FARN-Fachtag
Angesichts der wachsenden Bedeutung von Naturerfahrungen, Wald- und Wildnispädagogik sowie verbreiteter Vorstellungen von „Naturverbundenheit“ lädt der Fachtag dazu ein, bekannte Ansätze zu hinterfragen und neue Perspektiven kennenzulernen.
Im Mittelpunkt stehen Fragen nach Vielfalt, Teilhabe und Verantwortung in der Naturbildung. Gemeinsam schauen wir auf Themen wie Rassismus, Kolonialismus, Antisemitismus und Queerfeindlichkeit und darauf, wie sich diese – oft unbemerkt – auch in naturpädagogischen Konzepten, Bildern und Erzählungen widerspiegeln können. Zugleich geht es darum, Naturverbindung als etwas Gestaltbares zu begreifen: offen, solidarisch und stärkend für unterschiedliche Lebensrealitäten.

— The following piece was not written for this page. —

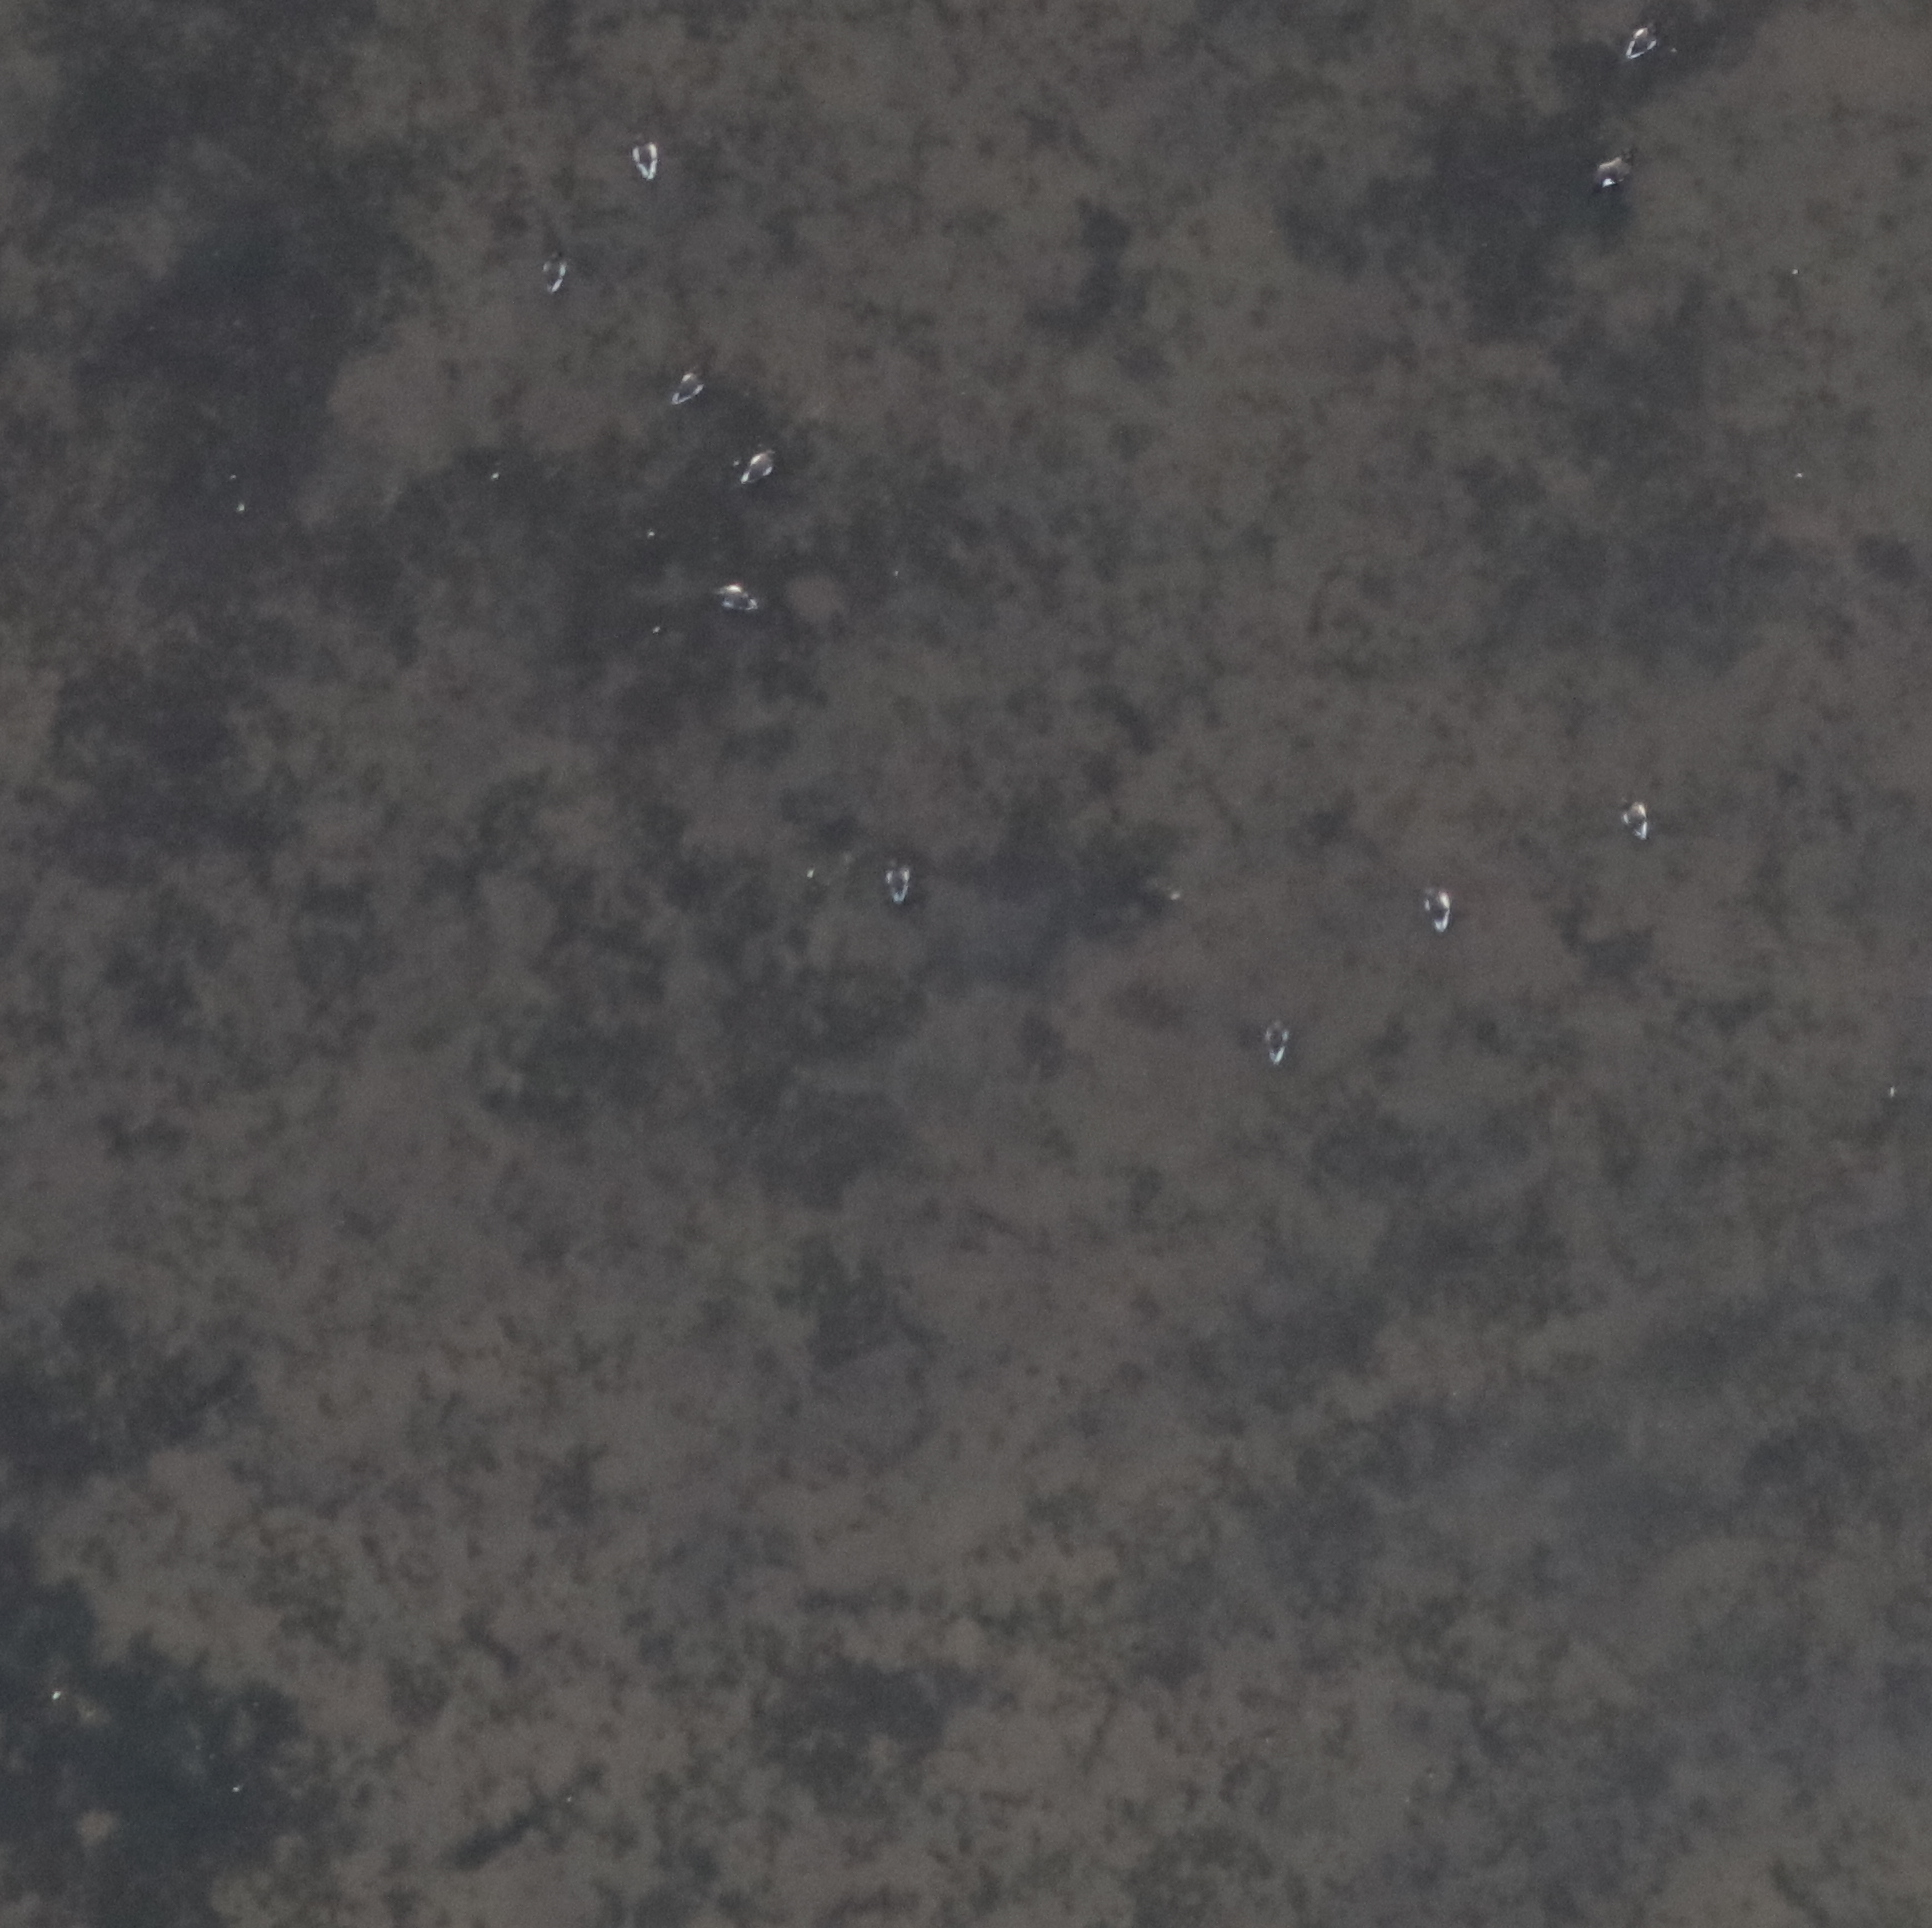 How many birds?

11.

Mit praxisnahen Impulsen und Beispielen aus der pädagogischen Arbeit, die Mut machen, eigene Zugänge weiterzuentwickeln und neue Wege auszuprobieren, öffnet der Fachtag einen Raum für Austausch darüber, wie eine kritische, inklusive und emanzipatorische Praxis in der Umwelt- und Naturbildung aussehen kann. Dabei wird auch in den Blick genommen wie mit herausfordernden Deutungen von Natur, etwa aus esoterischen oder verschwörungsideologischen Kontexten, sensibel und doch abgrenzend umgegangen werden kann.

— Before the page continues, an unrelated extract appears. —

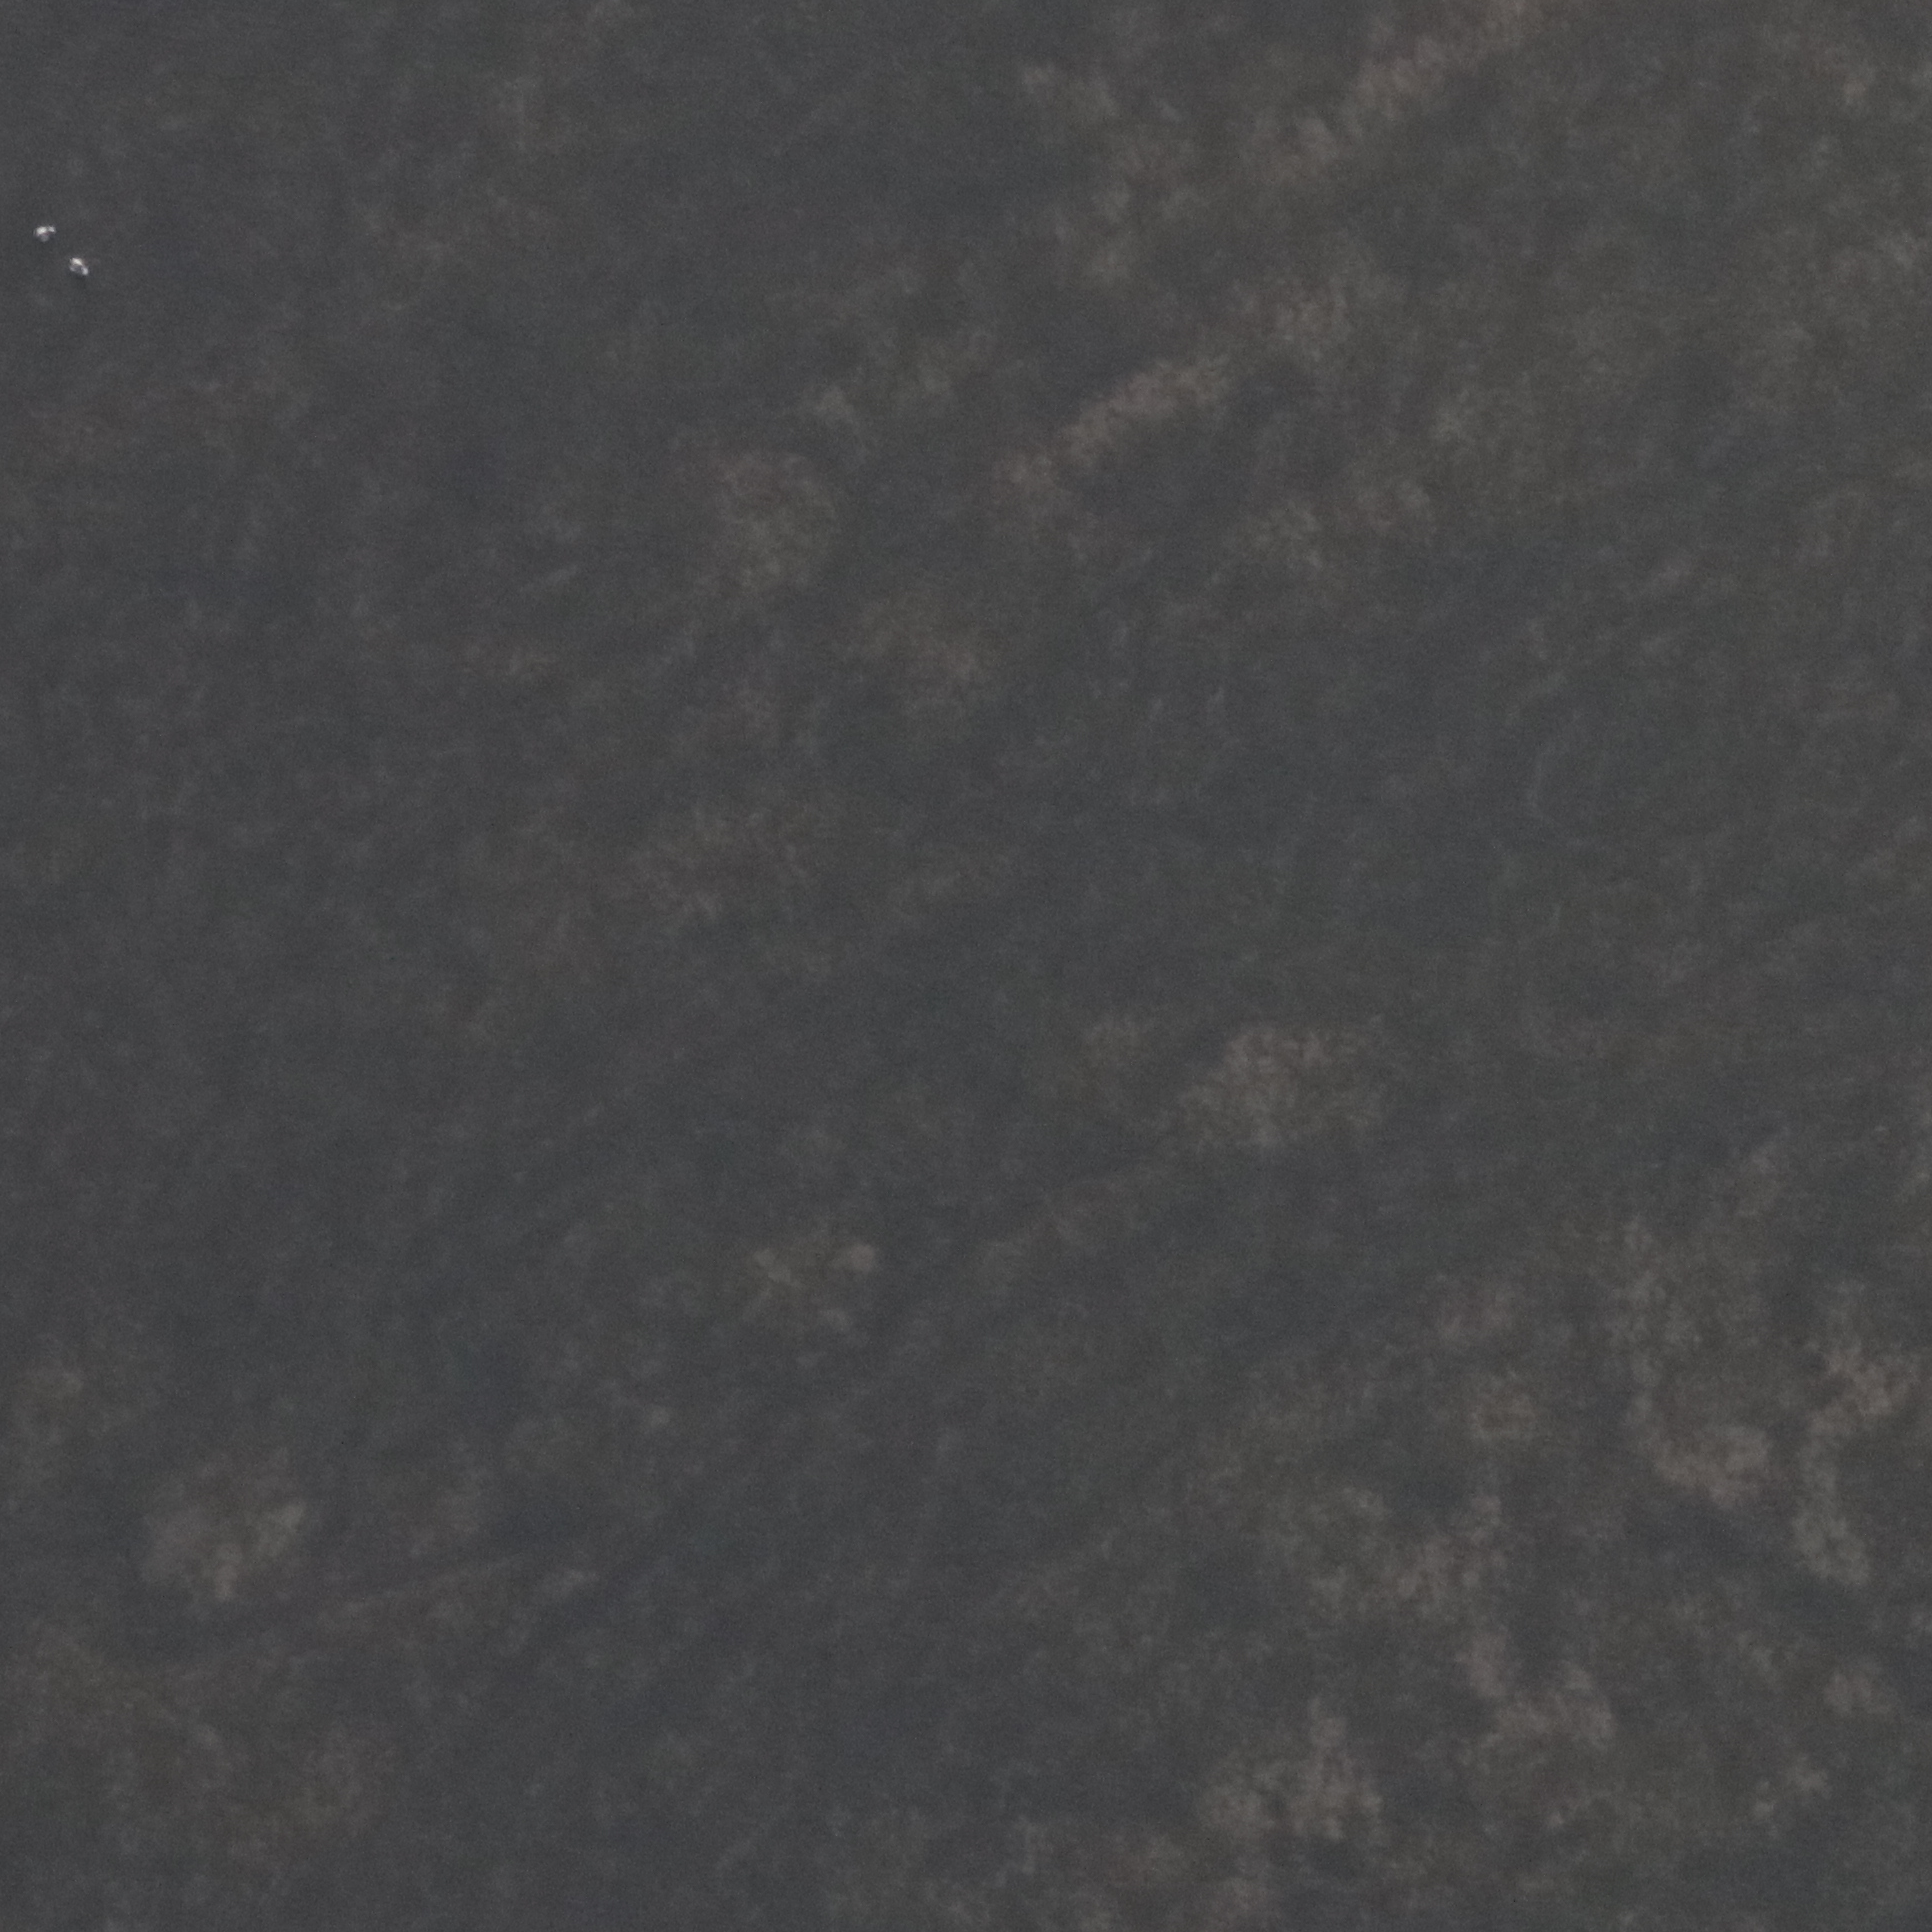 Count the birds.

2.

Neben kurzen Inputs erwarten die Teilnehmenden Workshops und moderierte Gesprächsräume, die zum Fragenstellen, Teilen von Erfahrungen und gemeinsamem Lernen einladen. Der Fachtag versteht sich als Ort der Vernetzung, der Inspiration und der kollegialen Unterstützung.
Ablauf
Sobald wir das Programm finalisiert haben, stellen wir es hier ein.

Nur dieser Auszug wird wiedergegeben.